Hi Thwack,
First time poster but long time lurker. We have an environment with a primary polling agent and two additional agents. On the polling engine details page, the primary polling engine is not syncing. Interestingly enough, any nodes that are either added to or already exist on the primary polling agent are not able to complete discovery. Once the web console goes to "List Resources", it will never complete. When I look at the Discovery logs, I find the discovery kick off and complete yet it is never updated on the web console.
Also, no actions are being fired from any alerts. An example of the error that we are seeing in the logs are below:
2018-05-01 14:31:32,827 [ActionsExecutionProcessingThread] ERROR SolarWinds.Orion.Core.Alerting.Service.ActionsResolverInternal.PendingExecutionActions - Action ID: 45, ActionType: WriteToNPMEventLog, Title: NetPerfMon Event Log : NetPerMon Event Log: Group ${N=SwisEntity;M=Name} is ${N=SwisEntity;M=Status;F=Status}, Description: Log the Alert in the Network Performance Monitor Event Log, Enabled: True, Order: 1 failed. alertActiveId: 4239427 alertObjectId: 1373320. Error: ProvideFault failed, check fault information.
2018-05-01 14:31:32,858 [ActionsExecutionProcessingThread] ERROR SolarWinds.Orion.Core.Alerting.Service.ActionsResolverInternal.PendingExecutionActions - System.ServiceModel.FaultException`1[SolarWinds.Orion.Core.Common.CoreFaultContract]: ProvideFault failed, check fault information. (Fault Detail is equal to SolarWinds.Orion.Core.Common.CoreFaultContract(Unknown): System.Collections.Generic.KeyNotFoundException: Action WriteToNPMEventLog doesn't exist
at SolarWinds.Orion.Core.Actions.Runners.ActionRunner.Execute(ActionDefinition actionDefinition, ActionContextBase context)
at SolarWinds.Orion.Core.BusinessLayer.CoreBusinessLayerService.ExecuteAction(ActionDefinition actionDefinition, ActionContextBase context)
at SyncInvokeExecuteAction(Object , Object[] , Object[] )
at System.ServiceModel.Dispatcher.SyncMethodInvoker.Invoke(Object instance, Object[] inputs, Object[]& outputs)
at System.ServiceModel.Dispatcher.DispatchOperationRuntime.InvokeBegin(MessageRpc& rpc)
at System.ServiceModel.Dispatcher.ImmutableDispatchRuntime.ProcessMessage5(MessageRpc& rpc)
at System.ServiceModel.Dispatcher.ImmutableDispatchRuntime.ProcessMessage41(MessageRpc& rpc)
at System.ServiceModel.Dispatcher.ImmutableDispatchRuntime.ProcessMessage4(MessageRpc& rpc)
at System.ServiceModel.Dispatcher.Immuta...).
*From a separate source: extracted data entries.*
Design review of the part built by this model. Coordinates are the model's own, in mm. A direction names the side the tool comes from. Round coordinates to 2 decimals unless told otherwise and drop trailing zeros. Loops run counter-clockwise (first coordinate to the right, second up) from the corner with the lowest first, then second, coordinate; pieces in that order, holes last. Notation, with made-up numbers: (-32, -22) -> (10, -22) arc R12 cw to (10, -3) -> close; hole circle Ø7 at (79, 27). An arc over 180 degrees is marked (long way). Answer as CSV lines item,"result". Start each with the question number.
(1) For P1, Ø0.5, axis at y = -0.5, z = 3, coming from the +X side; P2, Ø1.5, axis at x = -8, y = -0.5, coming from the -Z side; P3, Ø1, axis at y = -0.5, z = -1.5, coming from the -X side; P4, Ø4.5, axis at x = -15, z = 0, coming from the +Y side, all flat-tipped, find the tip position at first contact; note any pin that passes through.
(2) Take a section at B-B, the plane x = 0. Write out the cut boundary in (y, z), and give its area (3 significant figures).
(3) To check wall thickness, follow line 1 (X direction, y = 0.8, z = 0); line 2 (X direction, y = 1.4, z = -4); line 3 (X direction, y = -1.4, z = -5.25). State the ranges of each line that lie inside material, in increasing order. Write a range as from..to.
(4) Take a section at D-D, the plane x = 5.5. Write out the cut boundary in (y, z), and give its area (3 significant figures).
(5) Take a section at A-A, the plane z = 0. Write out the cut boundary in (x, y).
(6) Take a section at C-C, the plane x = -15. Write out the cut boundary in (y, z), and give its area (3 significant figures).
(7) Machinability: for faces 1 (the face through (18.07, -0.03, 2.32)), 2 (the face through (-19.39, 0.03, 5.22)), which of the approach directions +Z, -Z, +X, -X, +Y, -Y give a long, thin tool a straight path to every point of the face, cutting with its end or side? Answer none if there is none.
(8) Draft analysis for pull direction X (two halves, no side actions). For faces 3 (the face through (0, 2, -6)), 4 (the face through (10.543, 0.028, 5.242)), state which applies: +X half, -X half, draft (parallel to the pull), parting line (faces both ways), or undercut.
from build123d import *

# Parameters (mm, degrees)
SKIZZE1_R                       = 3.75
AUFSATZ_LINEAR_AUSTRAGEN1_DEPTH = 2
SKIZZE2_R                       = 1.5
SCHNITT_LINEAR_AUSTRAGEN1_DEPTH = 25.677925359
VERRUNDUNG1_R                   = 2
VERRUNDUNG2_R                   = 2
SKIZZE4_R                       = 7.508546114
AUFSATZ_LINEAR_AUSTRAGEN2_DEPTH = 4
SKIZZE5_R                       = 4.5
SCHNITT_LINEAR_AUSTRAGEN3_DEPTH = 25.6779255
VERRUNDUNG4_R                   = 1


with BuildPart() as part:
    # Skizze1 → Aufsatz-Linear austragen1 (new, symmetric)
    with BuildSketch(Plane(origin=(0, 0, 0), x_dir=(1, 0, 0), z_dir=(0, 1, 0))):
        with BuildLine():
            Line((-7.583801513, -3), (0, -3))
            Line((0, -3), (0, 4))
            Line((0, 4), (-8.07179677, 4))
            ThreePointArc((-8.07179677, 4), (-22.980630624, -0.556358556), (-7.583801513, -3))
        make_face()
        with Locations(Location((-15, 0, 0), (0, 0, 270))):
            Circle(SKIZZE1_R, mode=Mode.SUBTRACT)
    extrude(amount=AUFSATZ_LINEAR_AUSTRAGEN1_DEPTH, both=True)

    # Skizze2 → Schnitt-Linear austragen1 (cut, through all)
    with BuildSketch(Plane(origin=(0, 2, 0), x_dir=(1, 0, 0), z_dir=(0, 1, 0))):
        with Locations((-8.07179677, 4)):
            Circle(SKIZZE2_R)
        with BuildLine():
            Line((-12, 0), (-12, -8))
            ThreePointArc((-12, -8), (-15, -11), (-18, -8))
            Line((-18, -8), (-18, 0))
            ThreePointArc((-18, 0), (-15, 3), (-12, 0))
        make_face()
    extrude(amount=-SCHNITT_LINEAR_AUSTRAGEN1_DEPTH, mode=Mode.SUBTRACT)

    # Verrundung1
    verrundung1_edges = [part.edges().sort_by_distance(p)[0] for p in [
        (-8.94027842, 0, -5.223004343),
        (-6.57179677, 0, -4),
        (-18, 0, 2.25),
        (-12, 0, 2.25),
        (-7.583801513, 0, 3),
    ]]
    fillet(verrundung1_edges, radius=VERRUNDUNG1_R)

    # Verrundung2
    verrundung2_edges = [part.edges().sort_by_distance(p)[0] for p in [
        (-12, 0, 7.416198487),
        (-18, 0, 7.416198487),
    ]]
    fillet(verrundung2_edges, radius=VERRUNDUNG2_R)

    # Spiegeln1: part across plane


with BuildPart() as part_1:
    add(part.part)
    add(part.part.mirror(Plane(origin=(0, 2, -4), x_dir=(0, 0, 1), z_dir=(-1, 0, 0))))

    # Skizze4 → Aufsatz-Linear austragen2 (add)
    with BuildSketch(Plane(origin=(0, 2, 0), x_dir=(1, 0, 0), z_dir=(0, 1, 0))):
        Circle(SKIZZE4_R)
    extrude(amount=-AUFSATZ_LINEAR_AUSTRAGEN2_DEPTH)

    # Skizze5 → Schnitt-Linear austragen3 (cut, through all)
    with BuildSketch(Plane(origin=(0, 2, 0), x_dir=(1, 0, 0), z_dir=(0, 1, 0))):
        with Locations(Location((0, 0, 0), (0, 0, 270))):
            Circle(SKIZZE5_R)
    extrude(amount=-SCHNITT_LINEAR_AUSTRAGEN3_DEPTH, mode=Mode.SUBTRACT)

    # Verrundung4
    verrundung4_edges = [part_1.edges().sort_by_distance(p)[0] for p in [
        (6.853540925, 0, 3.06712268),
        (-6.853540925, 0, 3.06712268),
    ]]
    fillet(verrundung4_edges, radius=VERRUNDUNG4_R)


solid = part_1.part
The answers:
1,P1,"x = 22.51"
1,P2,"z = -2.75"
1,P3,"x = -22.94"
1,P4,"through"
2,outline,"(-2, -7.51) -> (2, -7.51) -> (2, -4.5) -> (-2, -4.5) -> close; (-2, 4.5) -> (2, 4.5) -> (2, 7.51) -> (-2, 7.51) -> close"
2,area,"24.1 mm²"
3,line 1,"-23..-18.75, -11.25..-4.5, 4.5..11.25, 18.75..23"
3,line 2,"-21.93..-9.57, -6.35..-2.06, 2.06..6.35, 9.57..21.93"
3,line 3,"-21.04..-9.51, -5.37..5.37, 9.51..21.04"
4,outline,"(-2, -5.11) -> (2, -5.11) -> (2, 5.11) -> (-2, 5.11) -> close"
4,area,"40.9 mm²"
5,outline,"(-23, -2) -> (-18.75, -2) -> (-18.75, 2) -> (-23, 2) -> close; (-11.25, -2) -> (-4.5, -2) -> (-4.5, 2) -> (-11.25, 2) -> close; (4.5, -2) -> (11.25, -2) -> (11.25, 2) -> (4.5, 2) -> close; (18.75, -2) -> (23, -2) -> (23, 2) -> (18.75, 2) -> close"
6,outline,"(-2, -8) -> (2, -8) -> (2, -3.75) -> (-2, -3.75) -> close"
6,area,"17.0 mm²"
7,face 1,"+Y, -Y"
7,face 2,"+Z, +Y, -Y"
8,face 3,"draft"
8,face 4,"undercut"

Our network folks complained that their daily scheduled jobs were not running either, so we when attempted to manually run them we get "An unexpected error has occurred." When I dig through the logs, I find an error very similar to the above, except it is "Action: Save to Disk" (the job is supposed to save the results to disk). Another symptom is the daily database maintenance is not automatically starting. There are no log entries indicating it started and failed; just nothing. I have to manually start the database maintenance wizard every morning to keep the database size under control.
Support has had me rebuild the Core (twice), reinstall the Job engine, and had me run some queries to clear subscriptions and recreate them. I am losing confidence in the system that SolarWinds has for Technical Support, considering we are nearly 2 months into this case with all of the above described features being inoperable. I would had hoped that at some point I would be interfacing directly with someone from the "advanced team" or "engineering" that the technicians keep referencing so we could establish some sort of continuity of knowledge on this particular case.
Thwack community ever had any of these issues and have any suggestions as to what the root cause could be? We are on NPM 12.1 (Windows 2008 R2 so unable to upgrade to NPM 12.2).